__Assignment__:
Exactly as written, reproduce the lines from the beginning of the data through the line containing "text Mevrouw de"; the pictures are not reproduced.

----

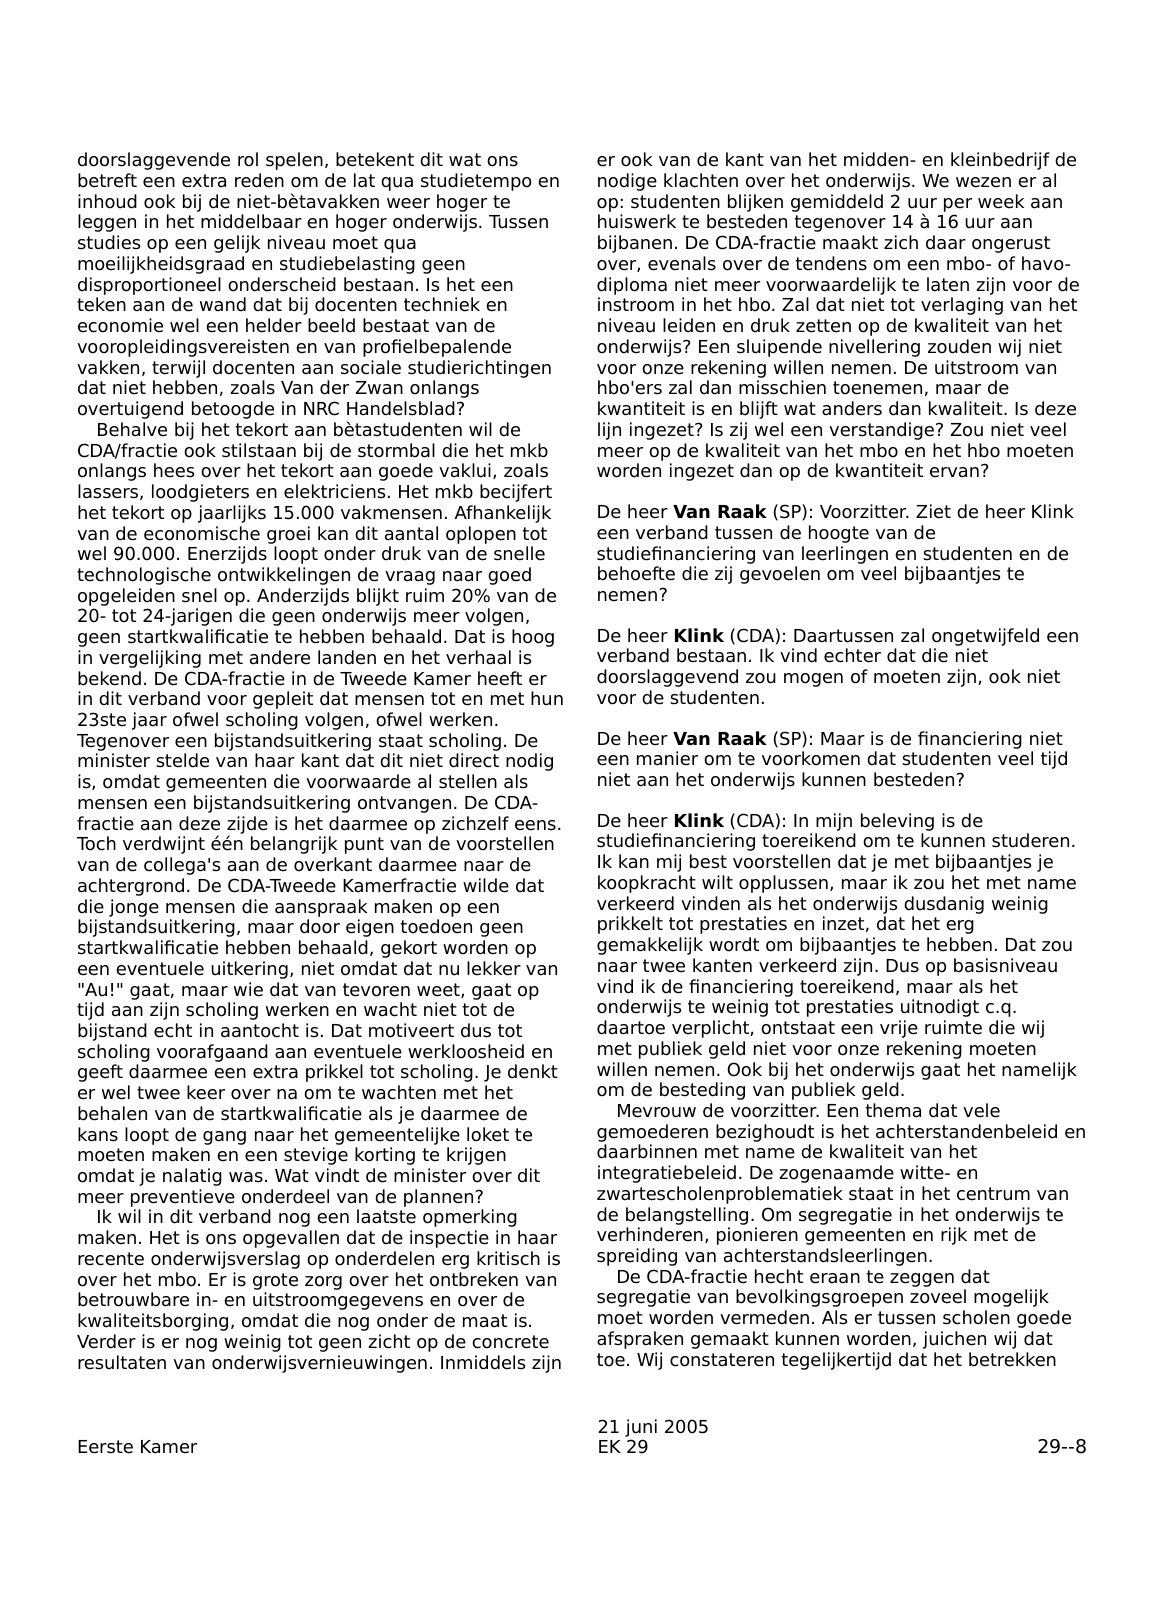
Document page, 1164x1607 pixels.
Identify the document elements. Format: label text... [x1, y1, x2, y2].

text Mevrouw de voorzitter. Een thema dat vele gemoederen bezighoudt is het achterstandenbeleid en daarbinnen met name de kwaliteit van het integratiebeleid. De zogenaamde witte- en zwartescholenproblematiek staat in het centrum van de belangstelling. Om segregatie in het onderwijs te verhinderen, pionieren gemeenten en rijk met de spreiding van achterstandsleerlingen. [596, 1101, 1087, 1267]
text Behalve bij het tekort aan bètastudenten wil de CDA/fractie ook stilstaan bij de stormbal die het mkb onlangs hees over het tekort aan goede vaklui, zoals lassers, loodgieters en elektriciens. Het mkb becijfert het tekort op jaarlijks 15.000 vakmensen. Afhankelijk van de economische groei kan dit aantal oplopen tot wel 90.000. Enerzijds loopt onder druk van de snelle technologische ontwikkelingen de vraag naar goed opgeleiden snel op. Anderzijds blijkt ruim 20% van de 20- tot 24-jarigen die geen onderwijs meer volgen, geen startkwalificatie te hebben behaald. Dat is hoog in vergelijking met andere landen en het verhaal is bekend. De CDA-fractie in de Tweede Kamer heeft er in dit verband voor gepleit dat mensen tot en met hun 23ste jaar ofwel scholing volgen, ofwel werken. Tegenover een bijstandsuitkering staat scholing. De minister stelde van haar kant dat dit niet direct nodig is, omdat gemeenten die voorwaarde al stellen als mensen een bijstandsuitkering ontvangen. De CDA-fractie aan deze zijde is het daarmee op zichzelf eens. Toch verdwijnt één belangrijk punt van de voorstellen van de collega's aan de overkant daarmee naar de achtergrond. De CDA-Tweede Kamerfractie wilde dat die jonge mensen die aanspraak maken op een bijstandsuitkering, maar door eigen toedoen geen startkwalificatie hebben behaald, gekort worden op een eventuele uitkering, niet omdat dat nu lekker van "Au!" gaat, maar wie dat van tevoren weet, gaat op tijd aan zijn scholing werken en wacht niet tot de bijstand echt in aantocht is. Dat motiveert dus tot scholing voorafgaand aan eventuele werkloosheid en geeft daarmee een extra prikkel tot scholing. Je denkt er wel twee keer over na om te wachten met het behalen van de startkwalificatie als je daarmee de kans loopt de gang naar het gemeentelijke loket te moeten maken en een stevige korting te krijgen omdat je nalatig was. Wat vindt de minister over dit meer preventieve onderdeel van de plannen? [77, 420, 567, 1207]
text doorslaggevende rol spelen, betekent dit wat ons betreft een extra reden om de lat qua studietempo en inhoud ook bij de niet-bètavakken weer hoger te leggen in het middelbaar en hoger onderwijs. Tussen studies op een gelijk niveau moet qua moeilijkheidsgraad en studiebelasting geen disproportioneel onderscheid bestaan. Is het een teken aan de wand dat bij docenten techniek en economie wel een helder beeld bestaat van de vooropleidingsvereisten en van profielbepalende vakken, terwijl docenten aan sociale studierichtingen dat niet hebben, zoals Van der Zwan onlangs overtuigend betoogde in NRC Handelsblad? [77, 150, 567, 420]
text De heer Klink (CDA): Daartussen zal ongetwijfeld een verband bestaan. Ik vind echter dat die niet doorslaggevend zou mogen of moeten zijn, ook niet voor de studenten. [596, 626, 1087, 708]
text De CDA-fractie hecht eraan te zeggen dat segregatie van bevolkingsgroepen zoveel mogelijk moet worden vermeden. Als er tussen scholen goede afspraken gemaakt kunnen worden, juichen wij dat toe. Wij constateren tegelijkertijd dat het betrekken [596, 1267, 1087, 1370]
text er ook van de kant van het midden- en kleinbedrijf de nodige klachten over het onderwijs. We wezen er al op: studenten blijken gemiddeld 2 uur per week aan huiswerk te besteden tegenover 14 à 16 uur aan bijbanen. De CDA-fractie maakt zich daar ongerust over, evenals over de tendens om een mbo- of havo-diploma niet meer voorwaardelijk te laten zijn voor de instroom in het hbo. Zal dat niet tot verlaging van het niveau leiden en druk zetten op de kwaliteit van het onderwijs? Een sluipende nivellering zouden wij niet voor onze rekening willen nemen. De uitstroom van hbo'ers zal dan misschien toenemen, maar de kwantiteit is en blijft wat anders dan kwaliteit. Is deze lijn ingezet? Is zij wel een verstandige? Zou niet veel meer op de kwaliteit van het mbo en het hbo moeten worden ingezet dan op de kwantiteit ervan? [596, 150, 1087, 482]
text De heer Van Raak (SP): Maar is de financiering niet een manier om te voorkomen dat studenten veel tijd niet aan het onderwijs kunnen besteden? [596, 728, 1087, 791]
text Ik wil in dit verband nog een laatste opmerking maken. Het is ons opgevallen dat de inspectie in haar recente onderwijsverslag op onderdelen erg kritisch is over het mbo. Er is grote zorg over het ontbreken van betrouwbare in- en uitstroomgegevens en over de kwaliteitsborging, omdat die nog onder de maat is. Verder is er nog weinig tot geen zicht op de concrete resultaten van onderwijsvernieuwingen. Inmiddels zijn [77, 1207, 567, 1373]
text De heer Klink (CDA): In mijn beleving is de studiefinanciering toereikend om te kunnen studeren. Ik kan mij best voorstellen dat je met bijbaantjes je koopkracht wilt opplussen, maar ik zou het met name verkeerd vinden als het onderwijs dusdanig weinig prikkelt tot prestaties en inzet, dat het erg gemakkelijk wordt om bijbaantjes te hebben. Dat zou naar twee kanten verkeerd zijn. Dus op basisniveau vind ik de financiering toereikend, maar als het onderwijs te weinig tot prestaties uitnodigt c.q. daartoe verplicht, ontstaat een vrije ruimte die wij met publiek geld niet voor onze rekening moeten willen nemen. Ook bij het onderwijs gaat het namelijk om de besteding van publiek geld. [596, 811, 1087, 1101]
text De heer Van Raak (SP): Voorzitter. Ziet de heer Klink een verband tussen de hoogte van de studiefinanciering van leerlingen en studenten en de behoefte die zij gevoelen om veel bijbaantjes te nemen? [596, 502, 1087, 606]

----

__Result__:
Document page, 1164x1607 pixels.
Identify the document elements. Format: label text... [x1, y1, x2, y2].

text Mevrouw de voorzitter. Een thema dat vele gemoederen bezighoudt is het achterstandenbeleid en daarbinnen met name de kwaliteit van het integratiebeleid. De zogenaamde witte- en zwartescholenproblematiek staat in het centrum van de belangstelling. Om segregatie in het onderwijs te verhinderen, pionieren gemeenten en rijk met de spreiding van achterstandsleerlingen. [596, 1101, 1087, 1267]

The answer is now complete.